WORK REQUEST
Give the number of lines below that hold the string "output", and nothing more.

DATA SECTION
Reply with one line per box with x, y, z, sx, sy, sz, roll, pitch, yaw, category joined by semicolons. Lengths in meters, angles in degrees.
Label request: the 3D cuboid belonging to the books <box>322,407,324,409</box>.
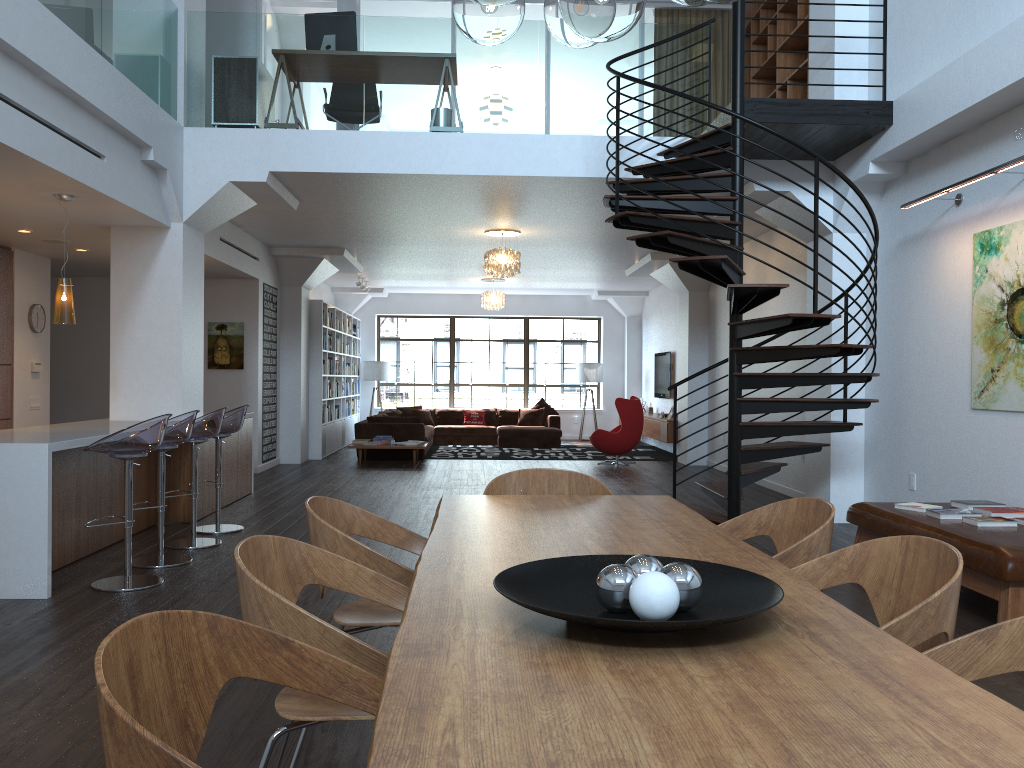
--
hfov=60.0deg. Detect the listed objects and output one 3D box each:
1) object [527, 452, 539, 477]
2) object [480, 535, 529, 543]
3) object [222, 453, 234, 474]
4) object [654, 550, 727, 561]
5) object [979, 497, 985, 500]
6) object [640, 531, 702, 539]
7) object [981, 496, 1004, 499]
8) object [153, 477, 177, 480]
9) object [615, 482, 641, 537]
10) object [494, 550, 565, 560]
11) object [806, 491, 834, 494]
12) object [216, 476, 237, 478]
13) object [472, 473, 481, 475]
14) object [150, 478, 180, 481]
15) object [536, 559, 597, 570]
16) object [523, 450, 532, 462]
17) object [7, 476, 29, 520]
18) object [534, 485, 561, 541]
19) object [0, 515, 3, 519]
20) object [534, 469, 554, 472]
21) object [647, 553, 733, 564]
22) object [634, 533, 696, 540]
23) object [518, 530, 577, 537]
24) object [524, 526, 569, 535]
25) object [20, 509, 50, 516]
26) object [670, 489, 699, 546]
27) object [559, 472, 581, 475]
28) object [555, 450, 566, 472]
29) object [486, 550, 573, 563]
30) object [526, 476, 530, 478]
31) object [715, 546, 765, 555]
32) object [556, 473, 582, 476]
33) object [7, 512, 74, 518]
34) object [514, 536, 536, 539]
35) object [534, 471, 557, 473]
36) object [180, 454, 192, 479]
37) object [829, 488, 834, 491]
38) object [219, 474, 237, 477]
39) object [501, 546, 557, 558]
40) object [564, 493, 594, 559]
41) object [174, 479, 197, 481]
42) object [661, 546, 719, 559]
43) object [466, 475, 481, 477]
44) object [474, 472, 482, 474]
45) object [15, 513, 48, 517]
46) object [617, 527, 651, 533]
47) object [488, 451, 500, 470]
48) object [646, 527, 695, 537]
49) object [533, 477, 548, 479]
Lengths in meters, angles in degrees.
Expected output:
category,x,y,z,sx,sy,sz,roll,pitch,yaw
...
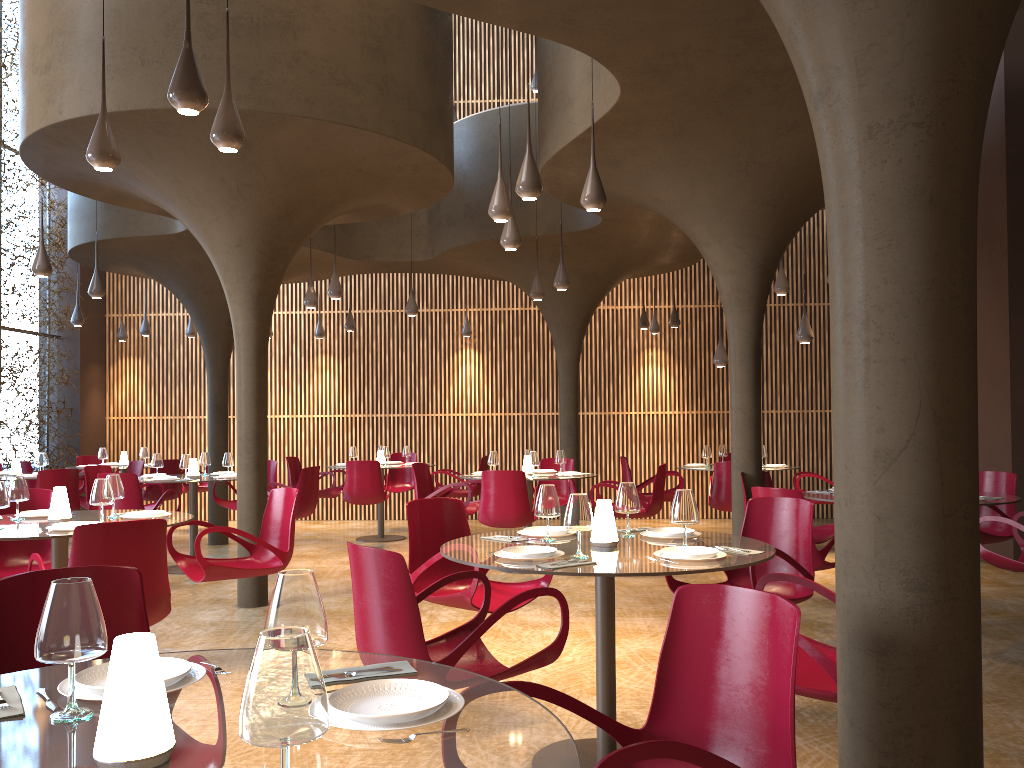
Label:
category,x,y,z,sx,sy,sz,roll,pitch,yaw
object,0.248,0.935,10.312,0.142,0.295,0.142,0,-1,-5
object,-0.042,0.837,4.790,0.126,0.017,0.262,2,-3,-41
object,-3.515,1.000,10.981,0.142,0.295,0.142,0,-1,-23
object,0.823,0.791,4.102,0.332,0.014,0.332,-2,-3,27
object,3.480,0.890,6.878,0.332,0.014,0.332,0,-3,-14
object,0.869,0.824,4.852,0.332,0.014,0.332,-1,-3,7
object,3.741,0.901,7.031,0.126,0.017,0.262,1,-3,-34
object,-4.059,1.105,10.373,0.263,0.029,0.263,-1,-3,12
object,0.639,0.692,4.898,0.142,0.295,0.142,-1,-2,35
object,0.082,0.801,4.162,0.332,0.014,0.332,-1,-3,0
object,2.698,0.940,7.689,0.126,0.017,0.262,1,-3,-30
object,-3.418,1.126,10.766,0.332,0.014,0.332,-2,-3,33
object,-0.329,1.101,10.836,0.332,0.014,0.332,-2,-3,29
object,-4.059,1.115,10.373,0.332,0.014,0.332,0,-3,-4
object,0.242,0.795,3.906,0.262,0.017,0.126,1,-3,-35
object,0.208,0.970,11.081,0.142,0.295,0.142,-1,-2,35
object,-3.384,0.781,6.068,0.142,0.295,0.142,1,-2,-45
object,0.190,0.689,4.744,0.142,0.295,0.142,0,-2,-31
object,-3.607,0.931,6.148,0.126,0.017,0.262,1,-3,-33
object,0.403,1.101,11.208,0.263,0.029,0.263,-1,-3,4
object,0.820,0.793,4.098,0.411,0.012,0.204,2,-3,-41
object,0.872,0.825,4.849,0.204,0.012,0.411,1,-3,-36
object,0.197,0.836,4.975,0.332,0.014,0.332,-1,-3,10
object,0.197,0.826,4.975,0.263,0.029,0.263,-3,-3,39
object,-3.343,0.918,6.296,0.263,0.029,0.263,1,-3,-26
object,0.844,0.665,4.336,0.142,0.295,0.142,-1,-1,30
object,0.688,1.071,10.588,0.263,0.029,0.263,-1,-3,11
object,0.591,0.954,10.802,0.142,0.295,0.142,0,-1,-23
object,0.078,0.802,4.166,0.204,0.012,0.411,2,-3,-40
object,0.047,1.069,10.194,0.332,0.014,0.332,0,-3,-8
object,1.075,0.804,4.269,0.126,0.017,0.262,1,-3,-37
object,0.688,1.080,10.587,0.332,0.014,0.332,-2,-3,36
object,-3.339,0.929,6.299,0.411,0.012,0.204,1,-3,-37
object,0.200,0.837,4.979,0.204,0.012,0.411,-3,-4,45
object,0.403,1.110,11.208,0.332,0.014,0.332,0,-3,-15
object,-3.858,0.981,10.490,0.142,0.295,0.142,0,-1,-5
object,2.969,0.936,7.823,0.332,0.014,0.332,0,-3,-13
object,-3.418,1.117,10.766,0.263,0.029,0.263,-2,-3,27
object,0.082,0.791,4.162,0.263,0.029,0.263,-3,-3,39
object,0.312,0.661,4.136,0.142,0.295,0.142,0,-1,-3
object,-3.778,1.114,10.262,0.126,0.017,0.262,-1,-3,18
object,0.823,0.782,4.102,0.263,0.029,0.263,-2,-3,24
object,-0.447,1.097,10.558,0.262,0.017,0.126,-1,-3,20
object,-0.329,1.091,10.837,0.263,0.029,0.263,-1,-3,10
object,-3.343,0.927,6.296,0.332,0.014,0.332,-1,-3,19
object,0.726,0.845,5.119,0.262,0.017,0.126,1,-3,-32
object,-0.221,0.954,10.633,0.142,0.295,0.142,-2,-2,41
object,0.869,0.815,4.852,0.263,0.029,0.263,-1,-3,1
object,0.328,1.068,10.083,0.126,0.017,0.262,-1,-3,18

REPLY TO THE EXERCISE
2